Dans son premier grand ouvrage, L'Ancien Régime et la Révolution (1827), Tocqueville analysa les facteurs qui rendirent la France vulnérable aux événements dramatiques de 1789 et à ses conséquences. Il souligna particulièrement que, pendant le XVIIIe siècle, les propriétaires terriens aristocrates passaient de plus en plus de temps à la cour de Versailles, négligeant leurs domaines et les populations des petites villes et campagnes. Ce manque d'attention au mécontentement populaire dans les années précédant 1789 contribua à l'échec à résoudre les critiques formulées par des philosophes comme Voltaire et Rousseau. Selon lui, une société civile plus saine, dirigée bienveillant par une aristocratie ayant une conscience sociale, aurait pu éviter cette débâcle.
Le second ouvrage majeur de Tocqueville, De la démocratie en Amérique (1836-1839), fut inspiré par ses voyages aux États-Unis. Il fut particulièrement impressionné par les réseaux d'organisations locales, créées pour des objectifs économiques, sociaux et religieux dans chaque État. Ces associations volontaires, expliqua-t-il, étaient la clé de la vitalité de la démocratie américaine et de la responsabilité des gouvernements, à tous les niveaux, vis-à-vis de leurs actions et omissions. Une telle société civile était essentielle à un régime populaire fonctionnel. Toutefois, Tocqueville mettait en garde contre la possibilité que cette société se transforme en une "société de masse", où les gens se rassembleraient en une nouvelle forme de foule, semblable à celle vécue lors de la Révolution française. Cette évolution pourrait, selon lui, conduire à l'élection de dirigeants autoritaires, avec tous les dangers associés. Une société civile riche en organisations variées constituait, pour Tocqueville, une protection contre ce dérapage.
Les préoccupations de Tocqueville furent reprises par John Stuart Mill dans son essai On Liberty (1859), dans lequel il souligna que les organisations volontaires jouaient un rôle crucial dans la liberté des individus et la santé politique et morale des sociétés. Mais Mill redoutait également que, sans une éducation et une moralisation adéquates des classes populaires, la démocratie ne mène à l'oppression et à l'autoritarisme au nom des masses.

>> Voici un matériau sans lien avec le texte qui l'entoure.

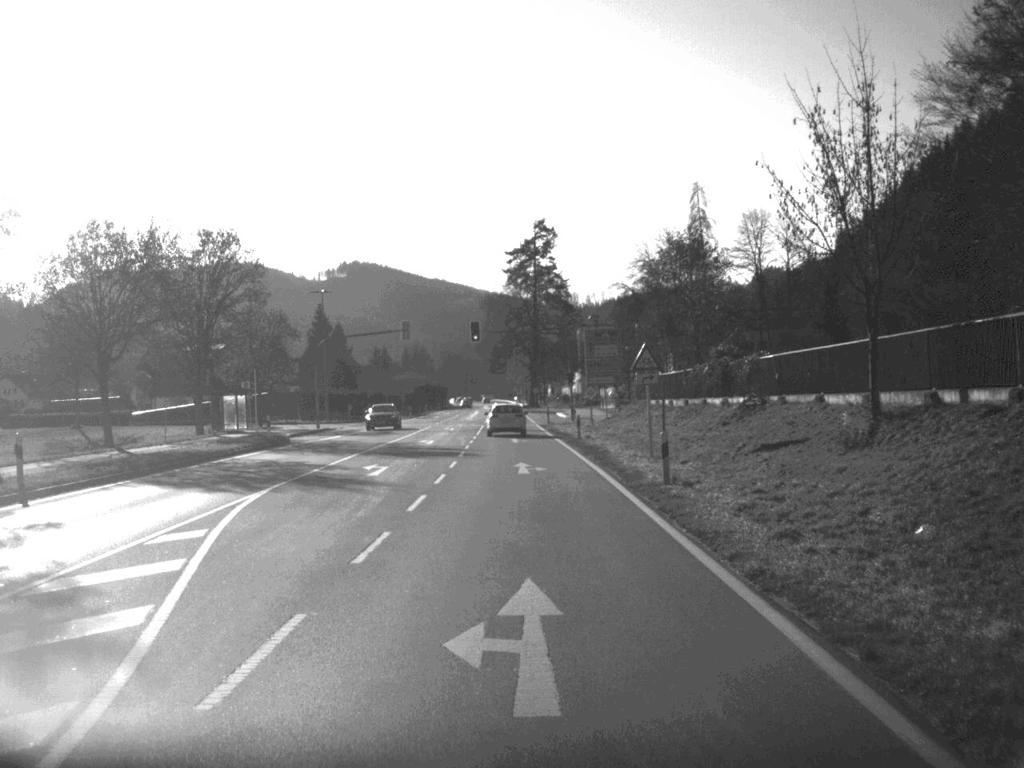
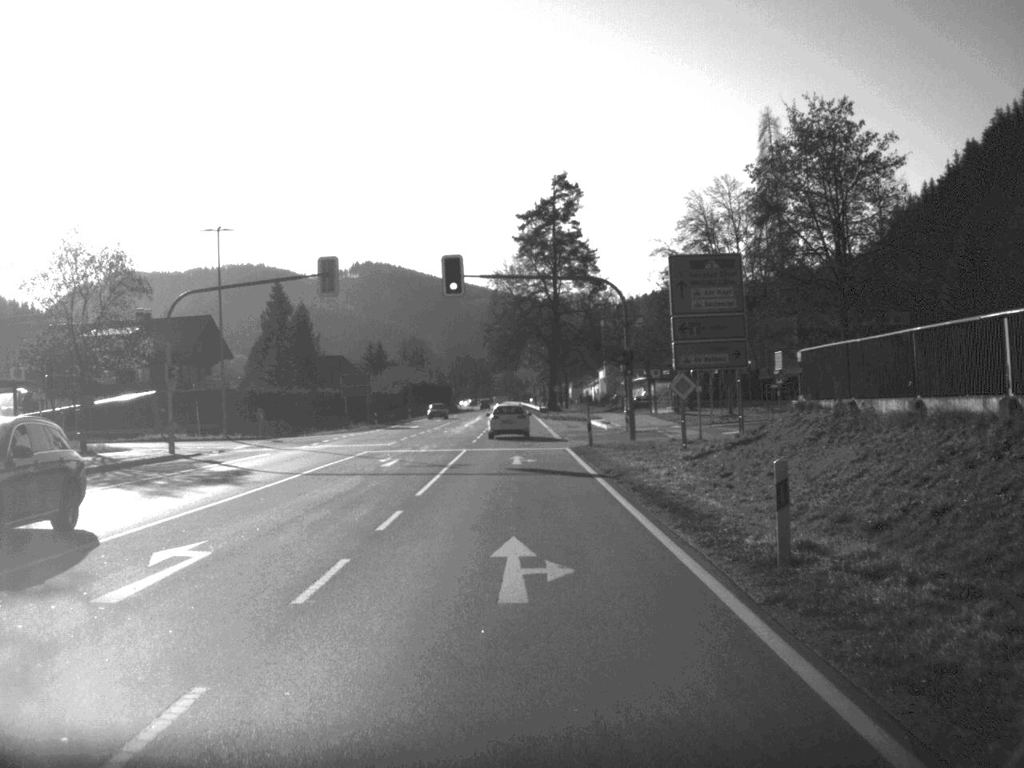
(-0.2, +38.2) m; -1°
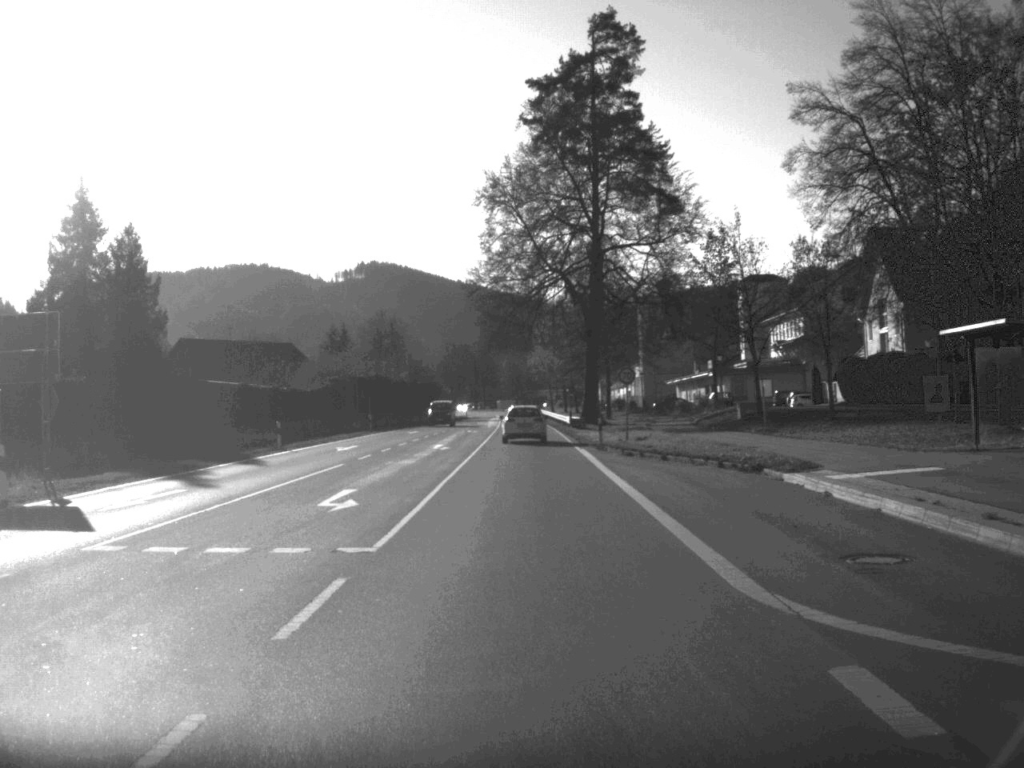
(-0.5, +62.3) m; 0°
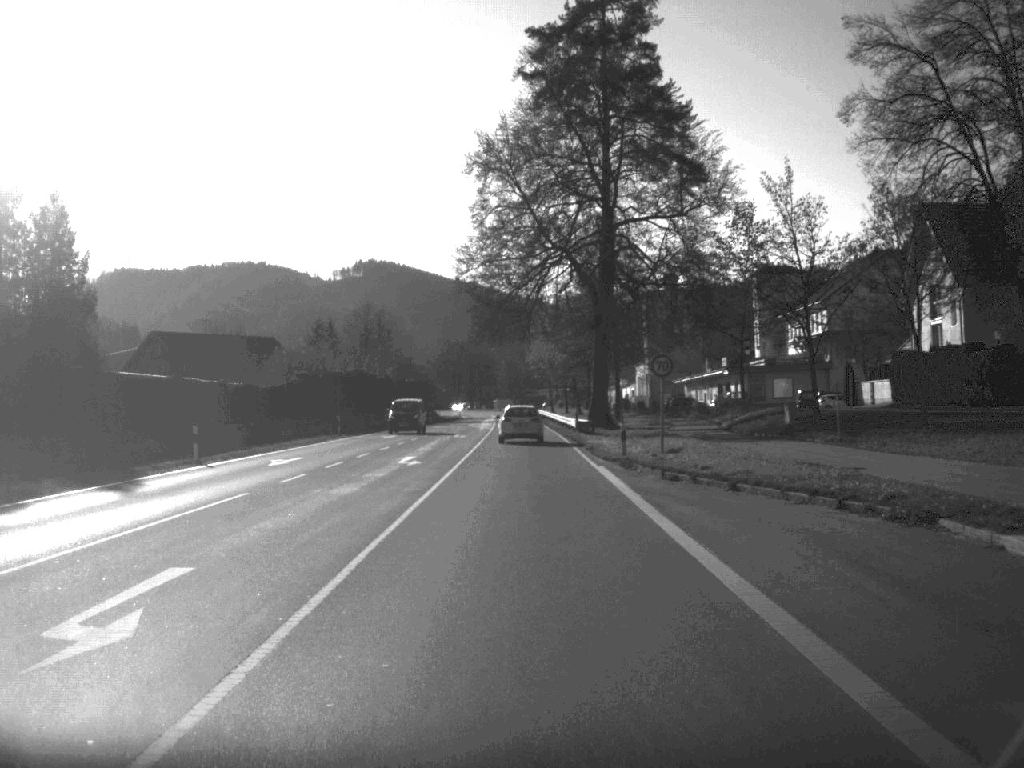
(0.0, +11.7) m; 0°
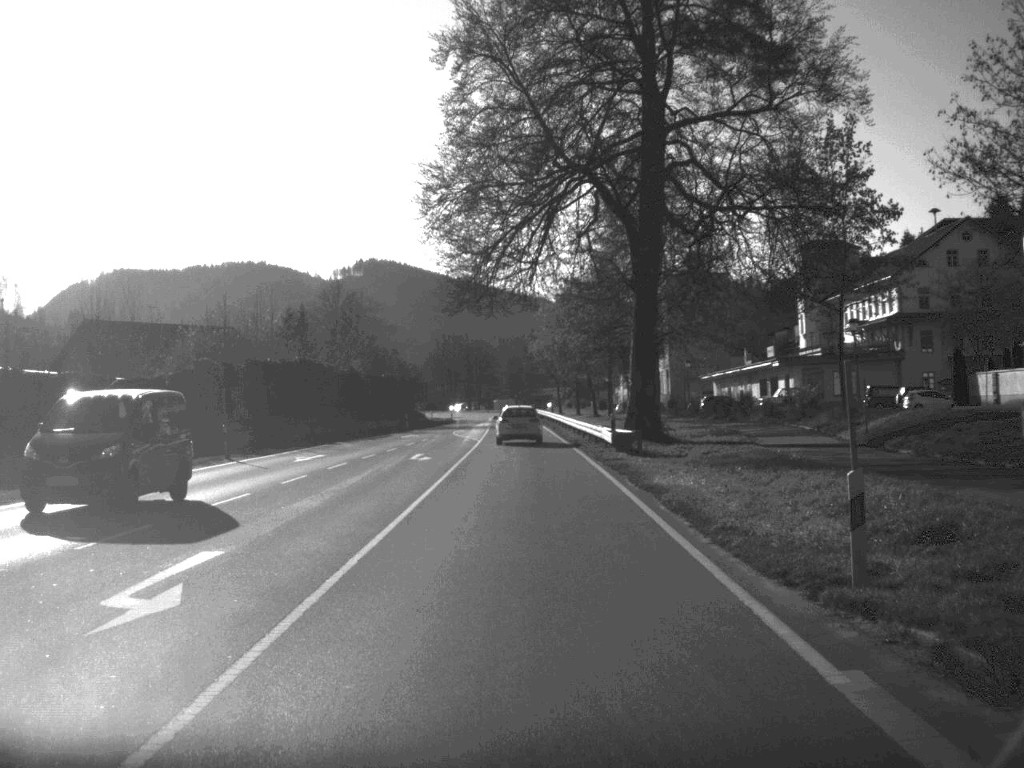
(0.0, +24.0) m; 0°
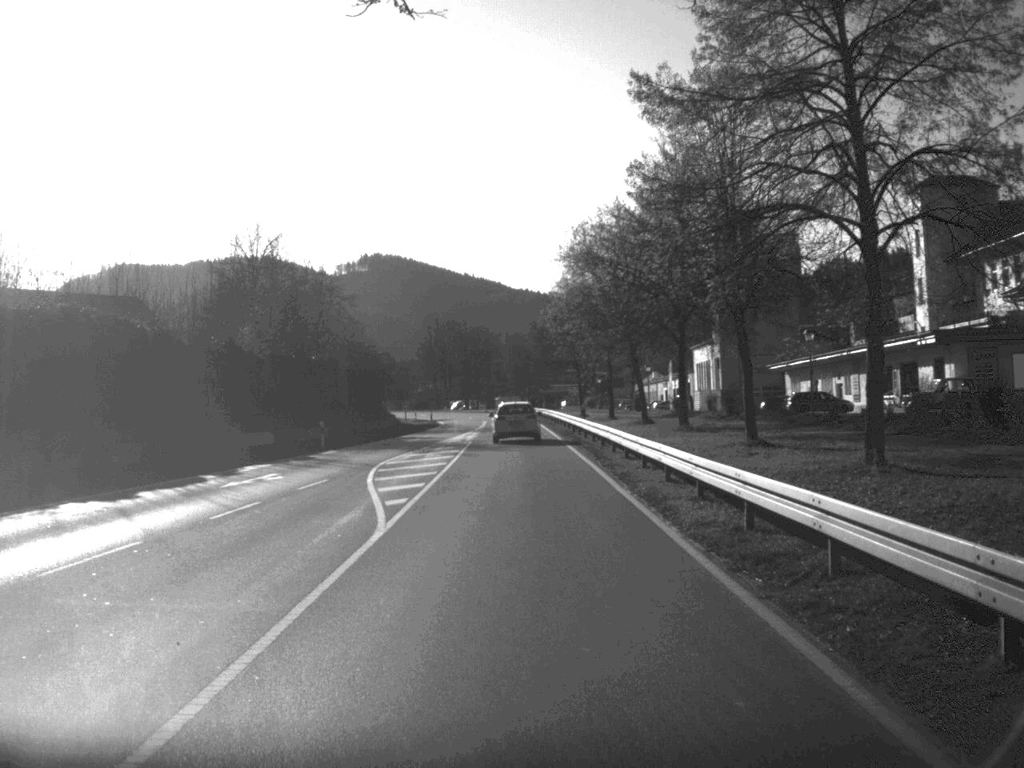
(-0.1, +38.0) m; 0°
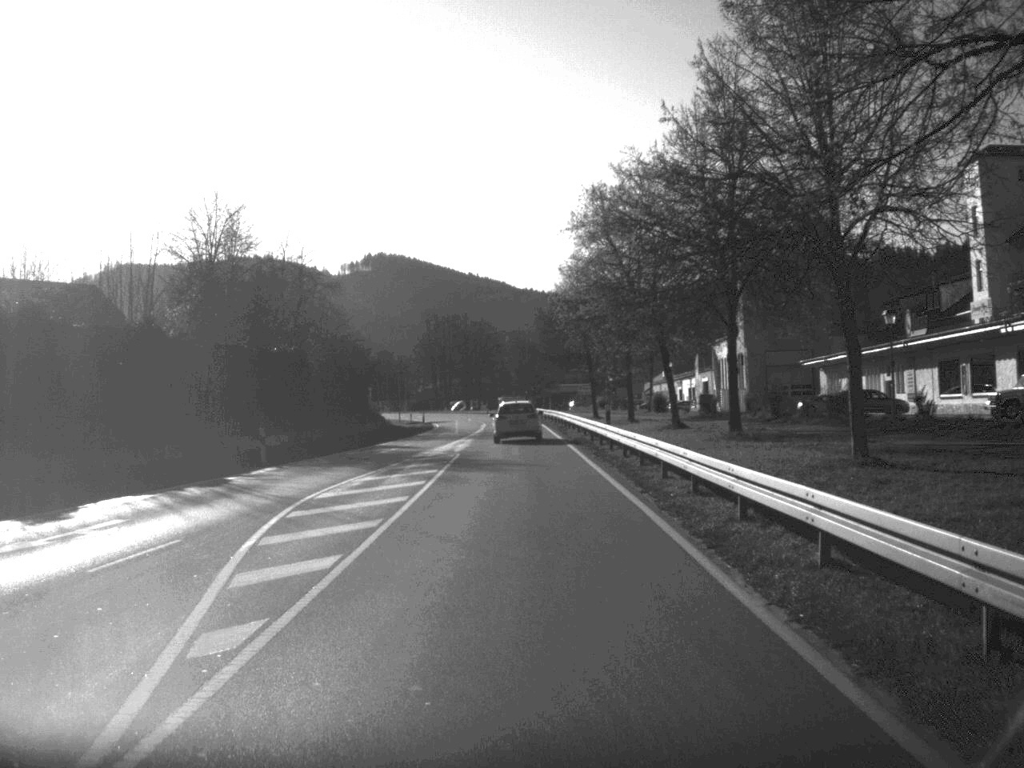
(0.0, +11.7) m; 0°

Ce qui semble désormais être en jeu dans les cultures politiques actuelles des sociétés occidentales, c'est l'indépendance robuste du secteur associatif. Des indices montrent qu'il est de plus en plus impliqué dans des tâches coercitives, telles que contraindre les populations pauvres à accepter des emplois ou des formations, et à fournir des "placements" dans ses propres structures, souvent en collaboration avec les gouvernements locaux ou centraux. Un exemple frappant de cette évolution a été observé avec les soutiens populaires à Donald Trump aux États-Unis, ce qui suggère que la "société de masse" que craignait Tocqueville est en train de se matérialiser. Les organisations volontaires qui subsistent, principalement composées de membres plus instruits, n'ont pas opposé de résistance efficace à ce type d'autoritarisme. Tocqueville, dans sa perspective, aurait vu cela comme un signe que ces membres étaient eux-mêmes devenus partie intégrante de la culture de masse, dominée aujourd'hui par la consommation, l'individualisme narcissique et un manque de conscience sociale.
Un autre exemple se trouve au Royaume-Uni, où en 2014, le programme "Help to Work", mis en place pour prolonger d'une année le "Work Programme" pour les demandeurs de prestations, n'a pas réussi à placer les deux tiers des participants dans l'emploi. En conséquence, ces derniers étaient contraints de s'inscrire quotidiennement et de participer à des "formations" intensives ou à des "travaux communautaires" non rémunérés de 30 heures par semaine. Bien que des organisations comme la Salvation Army, YMCA et Oxfam aient refusé de participer à ce programme, de nombreuses autres associations ont pris part à cette initiative coercitive.
Les organisations bénévoles et les communautés jouent un rôle essentiel dans la lutte contre l'individualisme exacerbé nourri par les marchés et la consommation. Elles permettent aux individus de prendre des décisions concernant leurs environnements sociaux et physiques partagés, de créer des infrastructures communes et d'identifier et surmonter les menaces collectives. Les organisations ouvrières sont particulièrement importantes pour contrebalancer le pouvoir des capitalistes et soutenir les individus dans leurs rôles sur le marché du travail.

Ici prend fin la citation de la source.